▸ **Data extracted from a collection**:
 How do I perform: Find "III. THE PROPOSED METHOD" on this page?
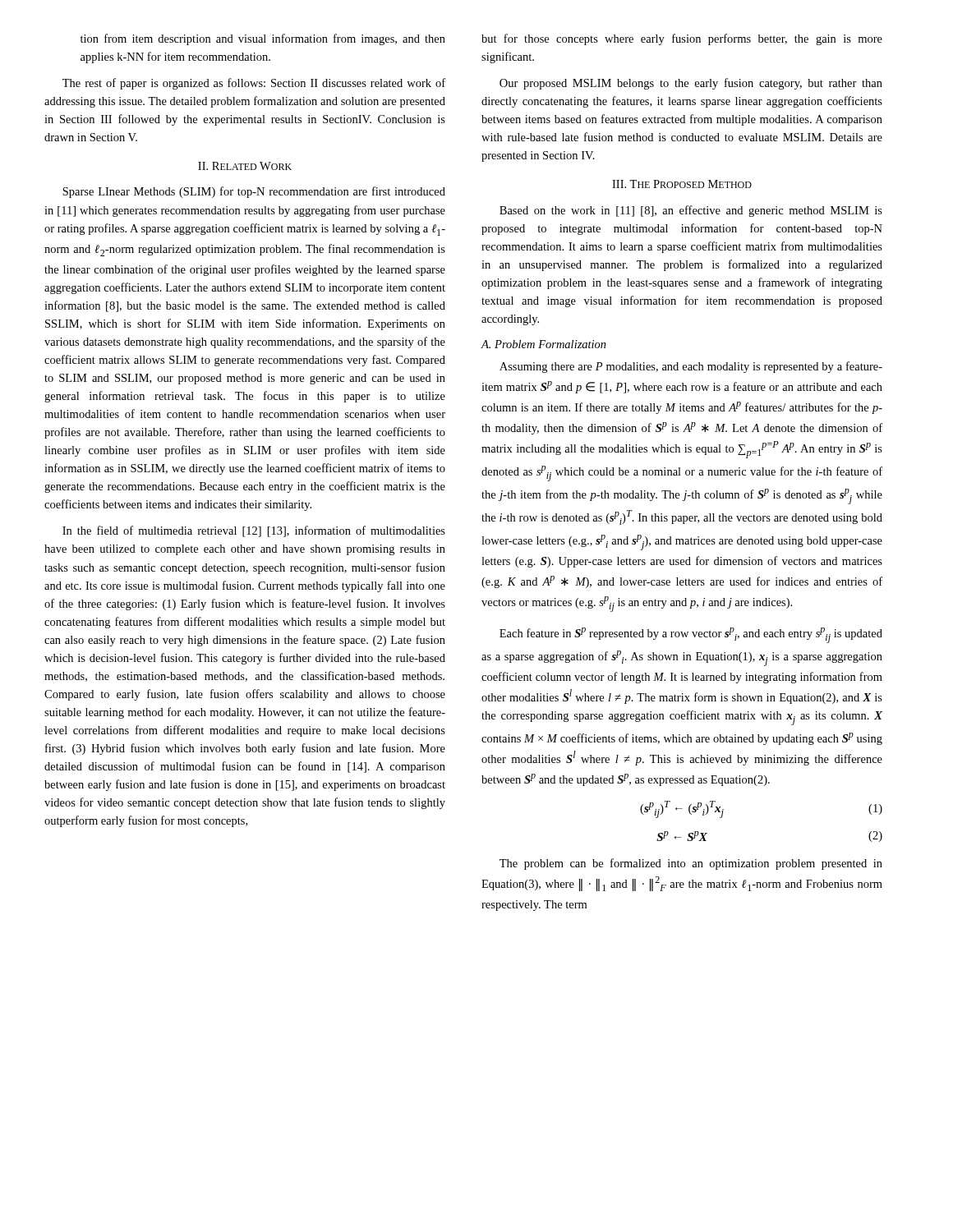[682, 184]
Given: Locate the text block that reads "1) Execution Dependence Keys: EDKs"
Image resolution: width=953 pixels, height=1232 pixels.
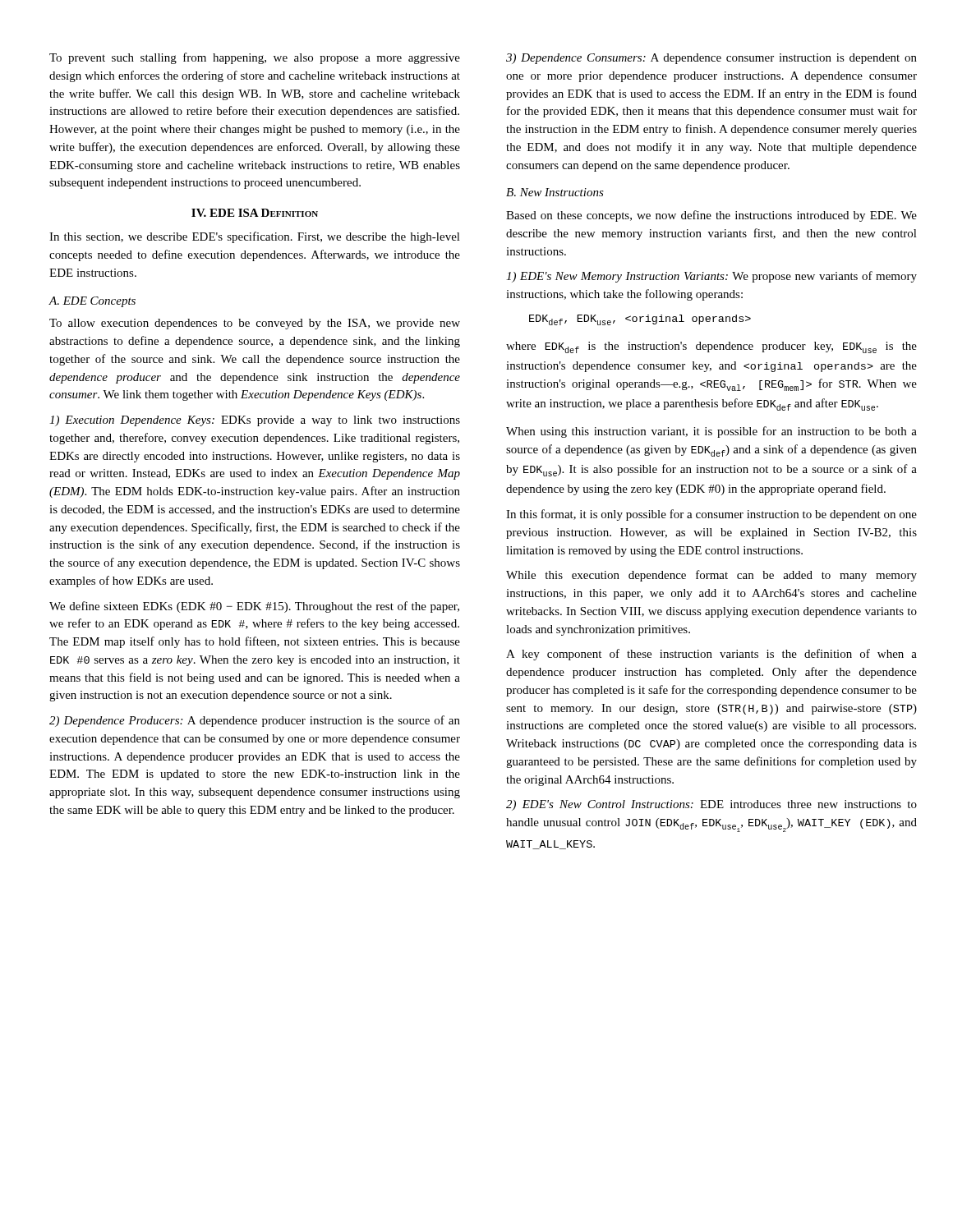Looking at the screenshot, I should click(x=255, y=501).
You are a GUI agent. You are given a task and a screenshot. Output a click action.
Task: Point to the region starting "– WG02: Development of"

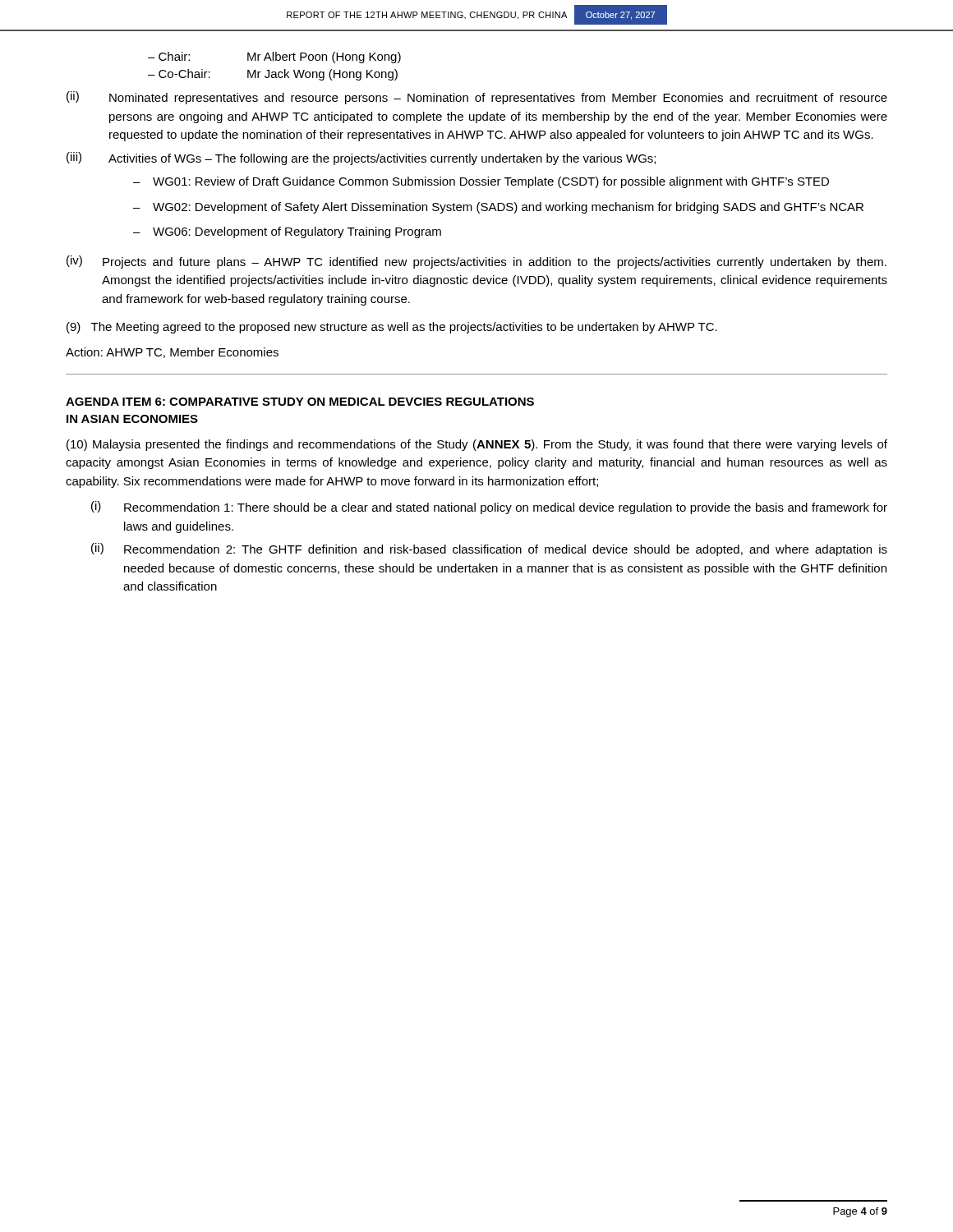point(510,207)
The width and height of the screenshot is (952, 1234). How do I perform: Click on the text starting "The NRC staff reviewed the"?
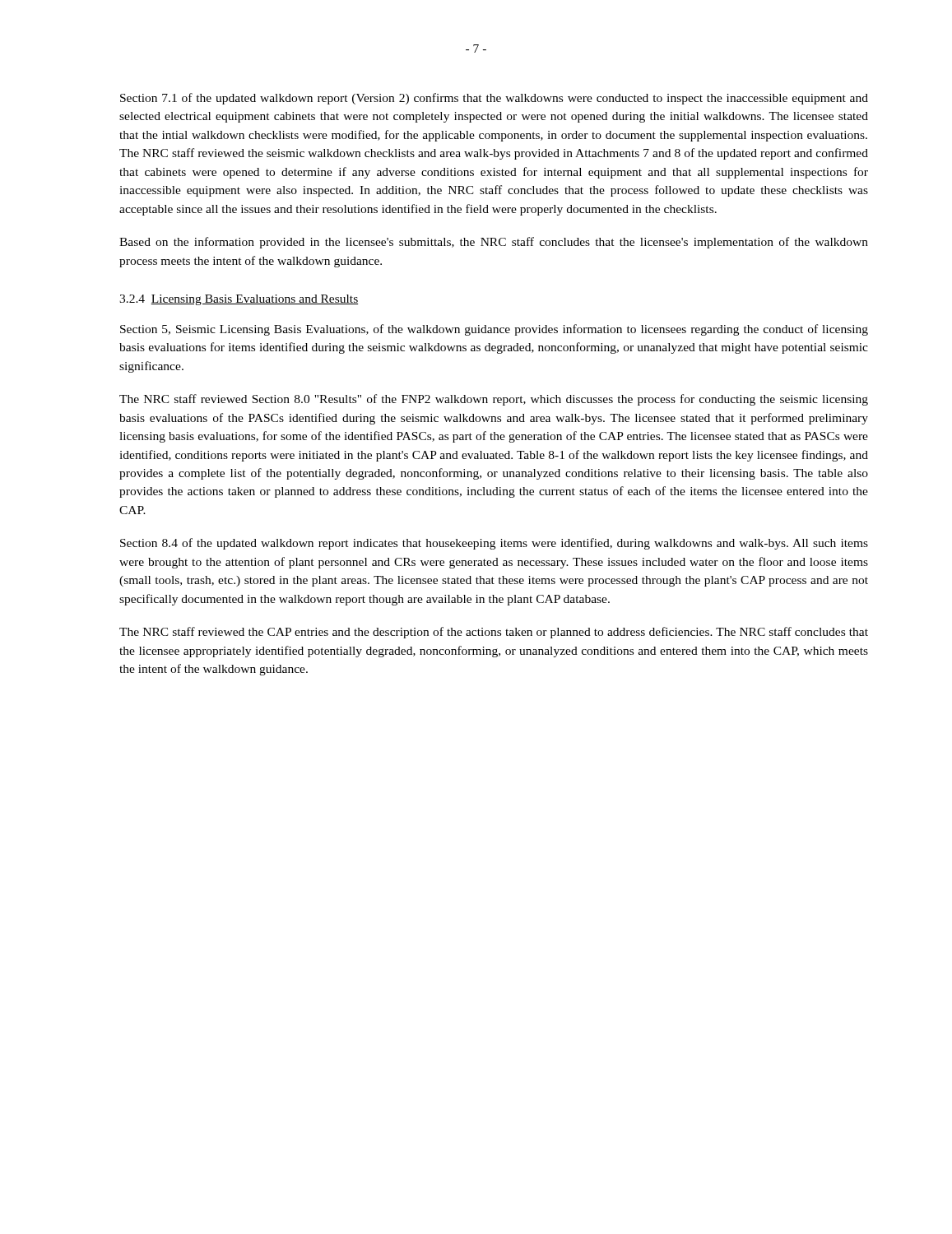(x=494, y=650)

▸ **Instructions to follow**: The line containing "Given: Locate the" and every line after it, up to the last line of the data, should be returned exactly, without the pictures.

▸ **Task answer**:
Given: Locate the text block that reads "1) Execution Dependence Keys: EDKs"
Image resolution: width=953 pixels, height=1232 pixels.
Looking at the screenshot, I should click(x=255, y=501).
You are a GUI agent. You are given a task and a screenshot. Output a click action.
Task: Point to the region starting "– WG02: Development of"

point(510,207)
The width and height of the screenshot is (952, 1234). How do I perform: Click on the text starting "The NRC staff reviewed the"?
(x=494, y=650)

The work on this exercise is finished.